== Segment start ==

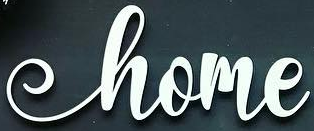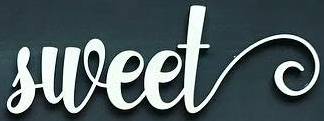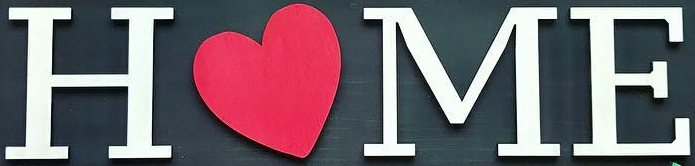What text appears in these images from left to right, separated by a semicolon? home; sweet; HOME 
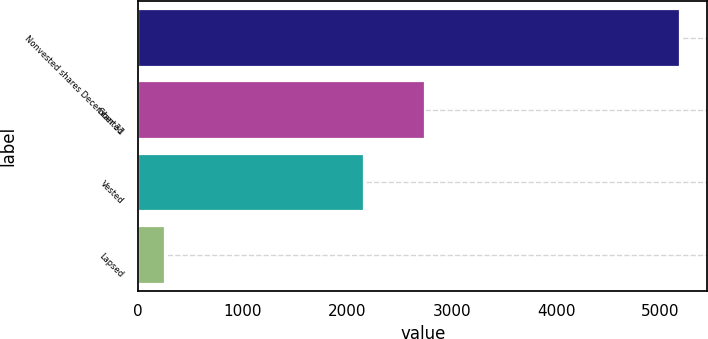Convert chart to OTSL. <chart><loc_0><loc_0><loc_500><loc_500><bar_chart><fcel>Nonvested shares December 31<fcel>Granted<fcel>Vested<fcel>Lapsed<nl><fcel>5189.3<fcel>2749<fcel>2164<fcel>251<nl></chart> 
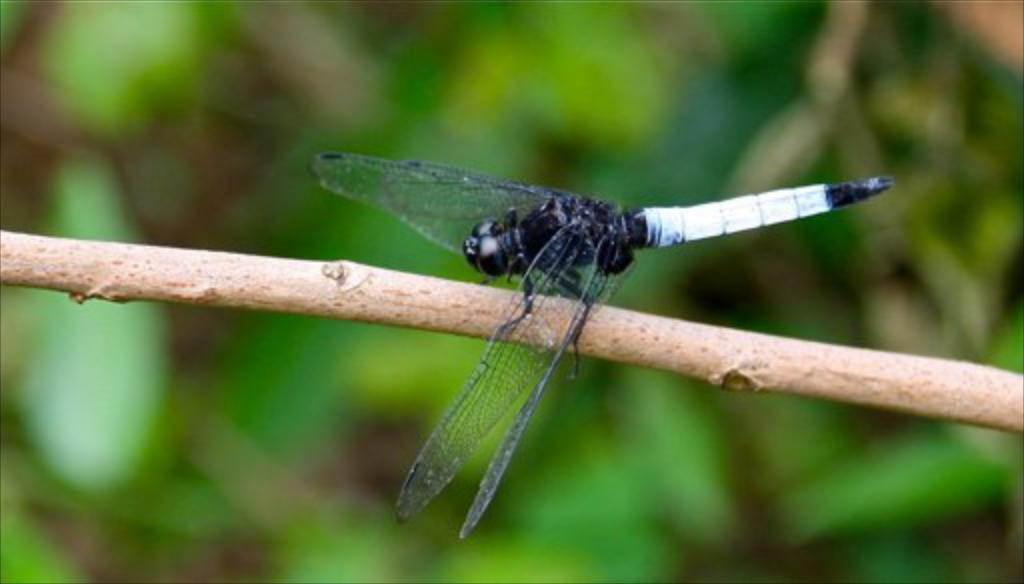What is present in the image? There is an insect in the image. Where is the insect located? The insect is on the stem of a plant. What type of yak can be seen coughing in the image? There is no yak present in the image, nor is there any coughing. 
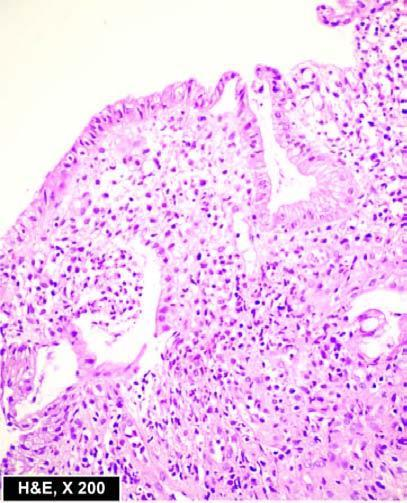how are the microscopic features seen superficial ulcerations?
Answer the question using a single word or phrase. With mucosal infiltration 
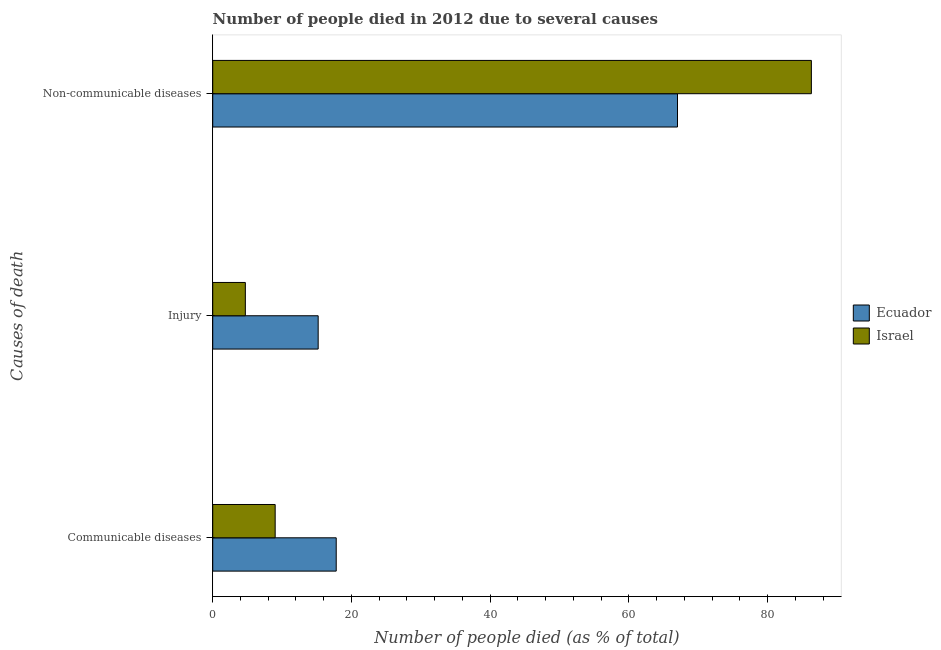How many different coloured bars are there?
Ensure brevity in your answer.  2. How many groups of bars are there?
Offer a very short reply. 3. How many bars are there on the 3rd tick from the bottom?
Give a very brief answer. 2. What is the label of the 2nd group of bars from the top?
Offer a very short reply. Injury. What is the number of people who died of communicable diseases in Ecuador?
Offer a terse response. 17.8. Across all countries, what is the maximum number of people who died of injury?
Your response must be concise. 15.2. In which country was the number of people who dies of non-communicable diseases maximum?
Offer a terse response. Israel. In which country was the number of people who dies of non-communicable diseases minimum?
Offer a terse response. Ecuador. What is the total number of people who died of communicable diseases in the graph?
Give a very brief answer. 26.8. What is the average number of people who died of injury per country?
Your response must be concise. 9.95. What is the difference between the number of people who died of communicable diseases and number of people who died of injury in Ecuador?
Provide a succinct answer. 2.6. What is the ratio of the number of people who dies of non-communicable diseases in Israel to that in Ecuador?
Provide a succinct answer. 1.29. Is the number of people who died of injury in Ecuador less than that in Israel?
Provide a short and direct response. No. What is the difference between the highest and the second highest number of people who dies of non-communicable diseases?
Provide a short and direct response. 19.3. What is the difference between the highest and the lowest number of people who died of injury?
Your answer should be very brief. 10.5. In how many countries, is the number of people who dies of non-communicable diseases greater than the average number of people who dies of non-communicable diseases taken over all countries?
Offer a terse response. 1. Is the sum of the number of people who dies of non-communicable diseases in Ecuador and Israel greater than the maximum number of people who died of injury across all countries?
Offer a very short reply. Yes. What does the 1st bar from the top in Non-communicable diseases represents?
Keep it short and to the point. Israel. What does the 1st bar from the bottom in Non-communicable diseases represents?
Your answer should be compact. Ecuador. Is it the case that in every country, the sum of the number of people who died of communicable diseases and number of people who died of injury is greater than the number of people who dies of non-communicable diseases?
Your answer should be compact. No. What is the difference between two consecutive major ticks on the X-axis?
Provide a succinct answer. 20. Are the values on the major ticks of X-axis written in scientific E-notation?
Make the answer very short. No. Does the graph contain any zero values?
Offer a very short reply. No. What is the title of the graph?
Your response must be concise. Number of people died in 2012 due to several causes. Does "Afghanistan" appear as one of the legend labels in the graph?
Your answer should be compact. No. What is the label or title of the X-axis?
Provide a short and direct response. Number of people died (as % of total). What is the label or title of the Y-axis?
Your response must be concise. Causes of death. What is the Number of people died (as % of total) of Ecuador in Non-communicable diseases?
Give a very brief answer. 67. What is the Number of people died (as % of total) in Israel in Non-communicable diseases?
Your answer should be compact. 86.3. Across all Causes of death, what is the maximum Number of people died (as % of total) of Ecuador?
Keep it short and to the point. 67. Across all Causes of death, what is the maximum Number of people died (as % of total) of Israel?
Offer a terse response. 86.3. Across all Causes of death, what is the minimum Number of people died (as % of total) in Ecuador?
Provide a succinct answer. 15.2. What is the total Number of people died (as % of total) in Ecuador in the graph?
Ensure brevity in your answer.  100. What is the total Number of people died (as % of total) of Israel in the graph?
Keep it short and to the point. 100. What is the difference between the Number of people died (as % of total) in Ecuador in Communicable diseases and that in Injury?
Provide a short and direct response. 2.6. What is the difference between the Number of people died (as % of total) of Israel in Communicable diseases and that in Injury?
Make the answer very short. 4.3. What is the difference between the Number of people died (as % of total) of Ecuador in Communicable diseases and that in Non-communicable diseases?
Offer a terse response. -49.2. What is the difference between the Number of people died (as % of total) in Israel in Communicable diseases and that in Non-communicable diseases?
Offer a very short reply. -77.3. What is the difference between the Number of people died (as % of total) of Ecuador in Injury and that in Non-communicable diseases?
Your answer should be compact. -51.8. What is the difference between the Number of people died (as % of total) of Israel in Injury and that in Non-communicable diseases?
Provide a succinct answer. -81.6. What is the difference between the Number of people died (as % of total) in Ecuador in Communicable diseases and the Number of people died (as % of total) in Israel in Non-communicable diseases?
Offer a terse response. -68.5. What is the difference between the Number of people died (as % of total) of Ecuador in Injury and the Number of people died (as % of total) of Israel in Non-communicable diseases?
Offer a terse response. -71.1. What is the average Number of people died (as % of total) of Ecuador per Causes of death?
Ensure brevity in your answer.  33.33. What is the average Number of people died (as % of total) in Israel per Causes of death?
Give a very brief answer. 33.33. What is the difference between the Number of people died (as % of total) of Ecuador and Number of people died (as % of total) of Israel in Communicable diseases?
Provide a short and direct response. 8.8. What is the difference between the Number of people died (as % of total) in Ecuador and Number of people died (as % of total) in Israel in Injury?
Provide a short and direct response. 10.5. What is the difference between the Number of people died (as % of total) of Ecuador and Number of people died (as % of total) of Israel in Non-communicable diseases?
Your answer should be very brief. -19.3. What is the ratio of the Number of people died (as % of total) of Ecuador in Communicable diseases to that in Injury?
Offer a very short reply. 1.17. What is the ratio of the Number of people died (as % of total) in Israel in Communicable diseases to that in Injury?
Provide a succinct answer. 1.91. What is the ratio of the Number of people died (as % of total) of Ecuador in Communicable diseases to that in Non-communicable diseases?
Ensure brevity in your answer.  0.27. What is the ratio of the Number of people died (as % of total) in Israel in Communicable diseases to that in Non-communicable diseases?
Your answer should be very brief. 0.1. What is the ratio of the Number of people died (as % of total) of Ecuador in Injury to that in Non-communicable diseases?
Give a very brief answer. 0.23. What is the ratio of the Number of people died (as % of total) in Israel in Injury to that in Non-communicable diseases?
Your response must be concise. 0.05. What is the difference between the highest and the second highest Number of people died (as % of total) in Ecuador?
Offer a very short reply. 49.2. What is the difference between the highest and the second highest Number of people died (as % of total) in Israel?
Offer a very short reply. 77.3. What is the difference between the highest and the lowest Number of people died (as % of total) in Ecuador?
Offer a terse response. 51.8. What is the difference between the highest and the lowest Number of people died (as % of total) of Israel?
Keep it short and to the point. 81.6. 
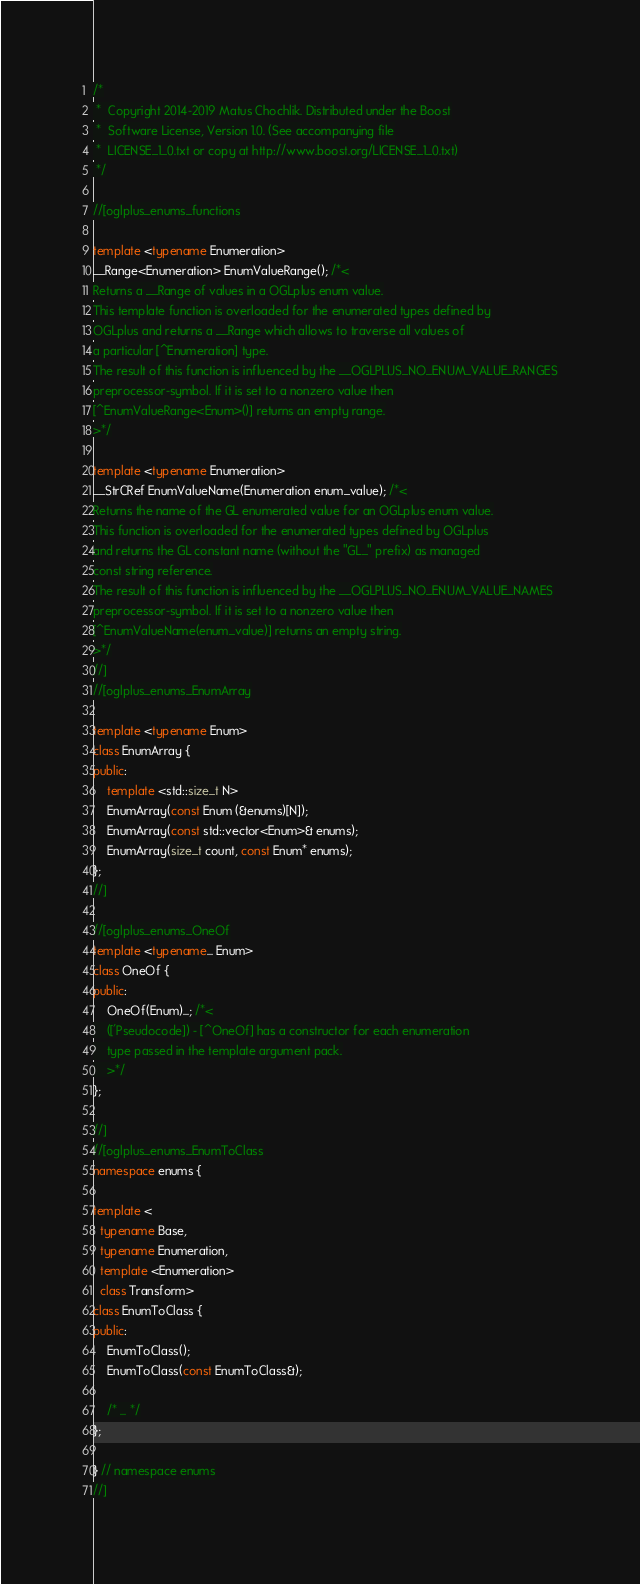<code> <loc_0><loc_0><loc_500><loc_500><_C++_>/*
 *  Copyright 2014-2019 Matus Chochlik. Distributed under the Boost
 *  Software License, Version 1.0. (See accompanying file
 *  LICENSE_1_0.txt or copy at http://www.boost.org/LICENSE_1_0.txt)
 */

//[oglplus_enums_functions

template <typename Enumeration>
__Range<Enumeration> EnumValueRange(); /*<
Returns a __Range of values in a OGLplus enum value.
This template function is overloaded for the enumerated types defined by
OGLplus and returns a __Range which allows to traverse all values of
a particular [^Enumeration] type.
The result of this function is influenced by the __OGLPLUS_NO_ENUM_VALUE_RANGES
preprocessor-symbol. If it is set to a nonzero value then
[^EnumValueRange<Enum>()] returns an empty range.
>*/

template <typename Enumeration>
__StrCRef EnumValueName(Enumeration enum_value); /*<
Returns the name of the GL enumerated value for an OGLplus enum value.
This function is overloaded for the enumerated types defined by OGLplus
and returns the GL constant name (without the "GL_" prefix) as managed
const string reference.
The result of this function is influenced by the __OGLPLUS_NO_ENUM_VALUE_NAMES
preprocessor-symbol. If it is set to a nonzero value then
[^EnumValueName(enum_value)] returns an empty string.
>*/
//]
//[oglplus_enums_EnumArray

template <typename Enum>
class EnumArray {
public:
    template <std::size_t N>
    EnumArray(const Enum (&enums)[N]);
    EnumArray(const std::vector<Enum>& enums);
    EnumArray(size_t count, const Enum* enums);
};
//]

//[oglplus_enums_OneOf
template <typename... Enum>
class OneOf {
public:
    OneOf(Enum)...; /*<
    (['Pseudocode]) - [^OneOf] has a constructor for each enumeration
    type passed in the template argument pack.
    >*/
};

//]
//[oglplus_enums_EnumToClass
namespace enums {

template <
  typename Base,
  typename Enumeration,
  template <Enumeration>
  class Transform>
class EnumToClass {
public:
    EnumToClass();
    EnumToClass(const EnumToClass&);

    /* ... */
};

} // namespace enums
//]
</code>

== Segment end ==

Aim of the exercise: Determine how many lines of the listing above include the word "Keep", then write only that number.

Answer for this exercise: 4